Thursday, 10:02am, another day during a pandemic


There’s no way to know how to talk about the current time we’re living in. It’s both terrifying and boring. Mindnumbing and gripping. Everyday the number of people dying increases over the previous day. When will it reverse? When will it be safe? When will we know the danger has passed? How will I remember this time?

I guess the only way is to document it as best and honestly as I can.

I don’t know if I’m capable of setting aside my fears at any moment during this pandemic. Nearly every minute of the day, whether it’s light or dark, sunny or cloudy, I’m burdened by the thought of it’s presence. It’s lingering danger. It’s threat. I can’t sleep. I can’t relax. I can’t be consumed or paralyzed. And yet I’m left speechless and terrified. Every day. Full of fear.

Fear that one of us in this house will get sick. And then worsen, and be forced to go to the hospital, where they will be diagnosed with Covid-19, admitted to intensive care, put in quarantine, and forever be isolated, never to hold or hug or breathe in them again, as they die alone and scared and in pain.

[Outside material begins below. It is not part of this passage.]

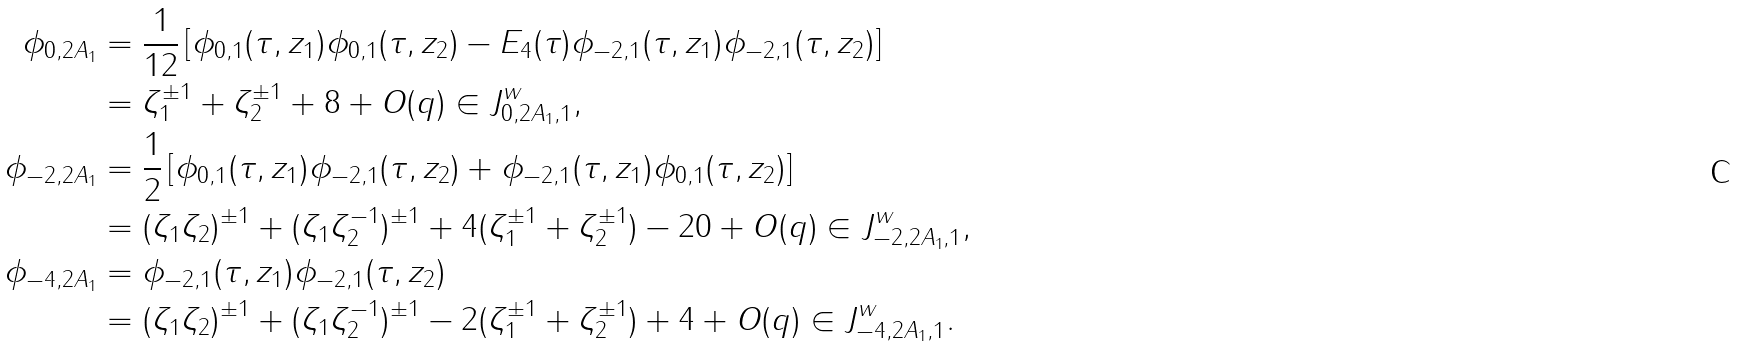<formula> <loc_0><loc_0><loc_500><loc_500>\phi _ { 0 , 2 A _ { 1 } } & = \frac { 1 } { 1 2 } \left [ \phi _ { 0 , 1 } ( \tau , z _ { 1 } ) \phi _ { 0 , 1 } ( \tau , z _ { 2 } ) - E _ { 4 } ( \tau ) \phi _ { - 2 , 1 } ( \tau , z _ { 1 } ) \phi _ { - 2 , 1 } ( \tau , z _ { 2 } ) \right ] \\ & = \zeta _ { 1 } ^ { \pm 1 } + \zeta _ { 2 } ^ { \pm 1 } + 8 + O ( q ) \in J _ { 0 , 2 A _ { 1 } , 1 } ^ { w } , \\ \phi _ { - 2 , 2 A _ { 1 } } & = \frac { 1 } { 2 } \left [ \phi _ { 0 , 1 } ( \tau , z _ { 1 } ) \phi _ { - 2 , 1 } ( \tau , z _ { 2 } ) + \phi _ { - 2 , 1 } ( \tau , z _ { 1 } ) \phi _ { 0 , 1 } ( \tau , z _ { 2 } ) \right ] \\ & = ( \zeta _ { 1 } \zeta _ { 2 } ) ^ { \pm 1 } + ( \zeta _ { 1 } \zeta _ { 2 } ^ { - 1 } ) ^ { \pm 1 } + 4 ( \zeta _ { 1 } ^ { \pm 1 } + \zeta _ { 2 } ^ { \pm 1 } ) - 2 0 + O ( q ) \in J _ { - 2 , 2 A _ { 1 } , 1 } ^ { w } , \\ \phi _ { - 4 , 2 A _ { 1 } } & = \phi _ { - 2 , 1 } ( \tau , z _ { 1 } ) \phi _ { - 2 , 1 } ( \tau , z _ { 2 } ) \\ & = ( \zeta _ { 1 } \zeta _ { 2 } ) ^ { \pm 1 } + ( \zeta _ { 1 } \zeta _ { 2 } ^ { - 1 } ) ^ { \pm 1 } - 2 ( \zeta _ { 1 } ^ { \pm 1 } + \zeta _ { 2 } ^ { \pm 1 } ) + 4 + O ( q ) \in J _ { - 4 , 2 A _ { 1 } , 1 } ^ { w } .</formula>

I cannot bear the possibility of that loss. No matter the slight chances of infection, there are still chances, still possibilities for that nightmare to be real – as it is for many thousands and thousands of people right now.

So I’m plagued that every ache, every moment of exhaustion, every cough, that I feel is the start of the end. And I cannot escape that looming path. I worry about what we touch, and who touched it before we touched it, and what they touched and if they were infected, and chanting inside to not touch my face, and to wash my hands again, better and longer and with more vigor, and to wipe everything down to kill this fucking virus that is taunting the world.

I attempt to ignore it. To distract myself with work and projects and mindless entertainment. But the fear is like a chime, steady and loud, persistently torturing my peace. “I’m here. I’m here. I’m here”

I sleep terribly, besotted with dreams of this hidden invader. Of fevers and pain and isolation and drowning and dying alone – missing the chance to know who my kids become and accomplish.

What will the world learns from this? How will we move on? What will we recover and ignore and change and grow into? Who will we lose and who will we blame? How will we stop this?

So now as I write, lying in bed on a Thursday morning, yet again awoken at 2am in panic, I try to breath in as deeply as I can. Holding it in. Savoring the moment.

Right now, we are fine. That is all I can know. This moment is all I can experience. We are alive and ok.

So hold it, and stand up, and move on.